The Raydorf AI Maturity Standard

The Raydorf Standard is a published methodology for evaluating how organizations adopt, govern, and deploy artificial intelligence. It is open, versioned, and reviewed annually by the Standards Council.


§ II The Tiers

The five tiers

Each tier is cumulative. A firm certifies into a tier only when every one of the seven dimensions meets the tier's threshold. A firm is certified at the floor of its weakest dimension. There is no aggregate score; tiers are categorical, not numeric.

  1. AI-Aware

    Foundations in place. Leadership has working AI literacy. A written AI policy exists. Initial governance and risk classification have been performed. AI use is limited or experimental, and properly disclosed where required.

    Tier I · Foundations
  2. AI-Enabled

    AI tools are deployed across the firm with proper controls. Sensitivity labeling, access governance, and a documented AI policy are in place. Existing workflows are augmented but not yet redesigned. Staff are trained in basic AI fluency.

    Tier II · Adoption
  3. AI-Integrated

    Core workflows have been redesigned around AI as the default first pass. Institutional knowledge is captured systematically at the close of every matter. Outcomes are measured. A designated operator role exists. The firm reports AI-related metrics to leadership on a defined cadence.

    Tier III · Redesign
  4. AI-First

    AI is the default execution layer for the firm's core work. Human attention is reserved for judgment, relationships, and exceptions. The operating model has been redesigned around AI capacity, not around headcount. Client-facing services reflect AI-enabled delivery.

    Tier IV · Default
  5. AI-Native

    The firm's operating model is architecturally dependent on AI. The firm could not deliver its services in their current form without AI. AI is embedded in the structure of the organization, not added to it.

    Tier V · Native

§ III The Dimensions

The seven dimensions

Every tier is evaluated across the same seven dimensions. The same rubric applies at every level; what changes is the threshold.

  1. Strategy & Leadership

    Founder- or partner-level ownership. Strategic clarity on where AI creates value and where it does not. Board-level reporting cadence. A named accountable individual for the firm's AI program.

  2. Governance, Risk & Compliance

    Written AI policy. Risk classification of AI use cases against the EU AI Act, sector regulation, and data protection regimes. Incident response procedures. Documentation discipline appropriate to the firm's risk profile.

  3. Data & Knowledge Infrastructure

    Sensitivity labeling and access governance. Defined retention. A queryable institutional knowledge base. A closed-loop process that captures completed work into the knowledge base at matter close.

  4. Workflow Redesign & Operations

    Identified core workflows that have been redesigned around AI. Measurable change in cycle time, quality, or unit cost. Evidence that redesign — not just augmentation — has occurred.

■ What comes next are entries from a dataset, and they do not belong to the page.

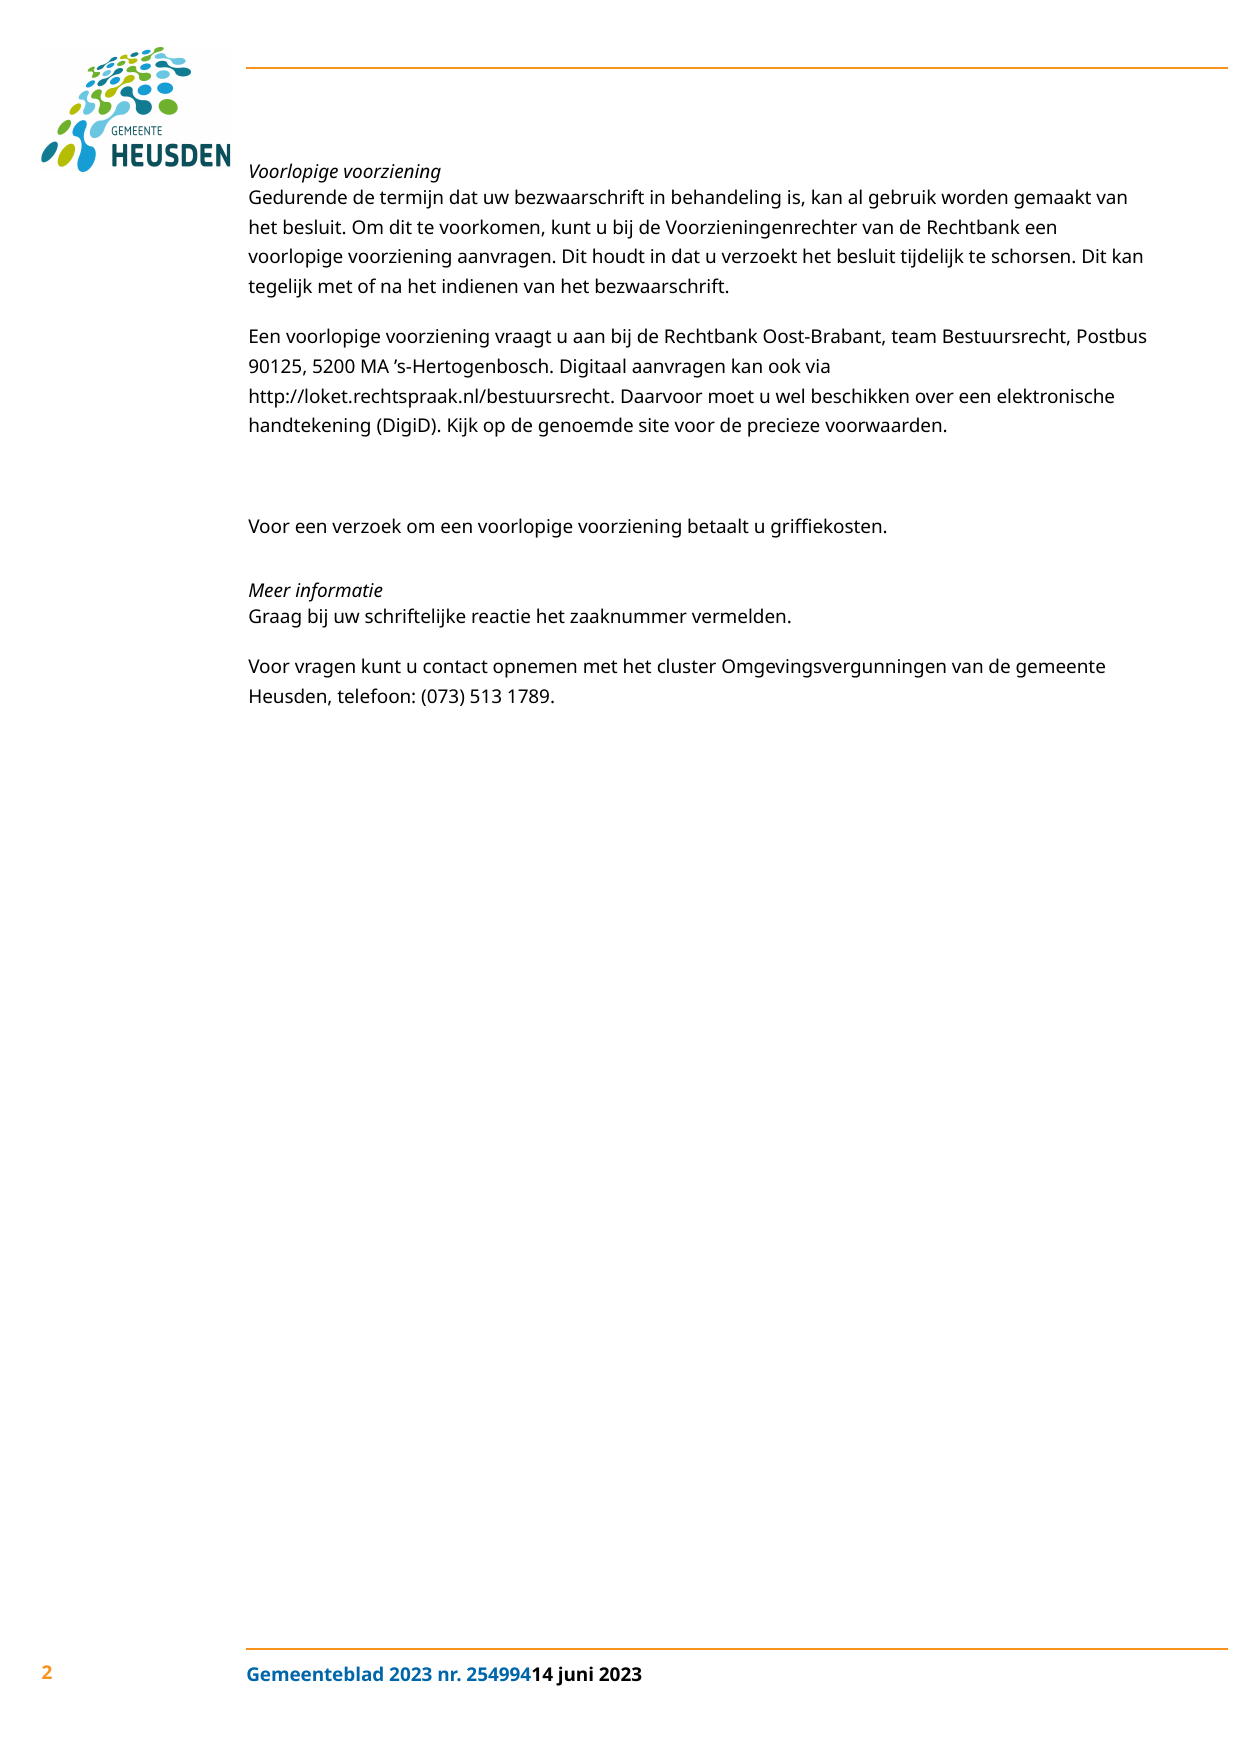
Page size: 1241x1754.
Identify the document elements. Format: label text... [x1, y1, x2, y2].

text Graag bij uw schriftelijke reactie het zaaknummer vermelden. [248, 603, 1152, 629]
text Meer informatie [248, 577, 1152, 603]
text Voor een verzoek om een voorlopige voorziening betaalt u griffiekosten. [248, 513, 1152, 539]
text Een voorlopige voorziening vraagt u aan bij de Rechtbank Oost-Brabant, team Bestuursrecht, Postbus 90125, 5200 MA ’s-Hertogenbosch. Digitaal aanvragen kan ook via http://loket.rechtspraak.nl/bestuursrecht. Daarvoor moet u wel beschikken over een elektronische handtekening (DigiD). Kijk op de genoemde site voor de precieze voorwaarden. [248, 324, 1152, 438]
text Gedurende de termijn dat uw bezwaarschrift in behandeling is, kan al gebruik worden gemaakt van het besluit. Om dit te voorkomen, kunt u bij de Voorzieningenrechter van de Rechtbank een voorlopige voorziening aanvragen. Dit houdt in dat u verzoekt het besluit tijdelijk te schorsen. Dit kan tegelijk met of na het indienen van het bezwaarschrift. [248, 184, 1152, 299]
text Voor vragen kunt u contact opnemen met het cluster Omgevingsvergunningen van de gemeente Heusden, telefoon: (073) 513 1789. [248, 653, 1152, 709]
text Voorlopige voorziening [248, 159, 1152, 184]
picture [41, 47, 231, 172]

  5. Talent & Operating Model

    AI fluency across all relevant roles. A designated operator role for the firm's AI infrastructure. Hiring and progression criteria that reflect AI-era competencies. Defined training cadence.

  6. Client Experience

    Disclosure practice for AI involvement in client work. Client-facing AI features where appropriate. Service delivery improvements attributable to AI maturity.

  7. Measurement & Accountability

    Defined KPIs. Model performance monitoring where applicable. Logged human oversight on AI-assisted output. An audit trail that allows the assessor — and the firm itself — to reconstruct what AI did, when, and under whose authority.

§ IV Attestation

EU AI Act Readiness Attestation

A Raydorf certification can be issued with a parallel EU AI Act Readiness Attestation. The attestation evaluates the deployer-side practices that the EU AI Act requires of organizations using AI systems — distinct from, and complementary to, the conformity assessment that AI providers may need to perform for their products.

The attestation covers, at minimum:

  • Correct risk classification of the firm's AI use cases under the Act.
  • Where applicable, the controls required of high-risk AI deployers, including human oversight, record-keeping, and transparency to affected persons.
  • General-Purpose AI deployer obligations, including AI literacy under Article 4 of the Act.
  • Documentation discipline: AI inventories, supplier attestations, data protection impact assessments where required.
  • Readiness to report serious incidents to the appropriate authority.

The attestation is an organizational readiness assessment. It does not constitute conformity assessment by a Notified Body, and Raydorf does not issue the CE marking required of high-risk AI systems under the Act. Where such conformity assessment is required, Raydorf certification is intended to complement it, not replace it.

§ V Governance

Versioning and governance

The Raydorf Standard is versioned. Each version is published in full. Material changes are reviewed by the Standards Council, with public notice and a defined transition period for currently certified firms. The current version is 1.0, published in 2026. A changelog is maintained from version 1.1 forward.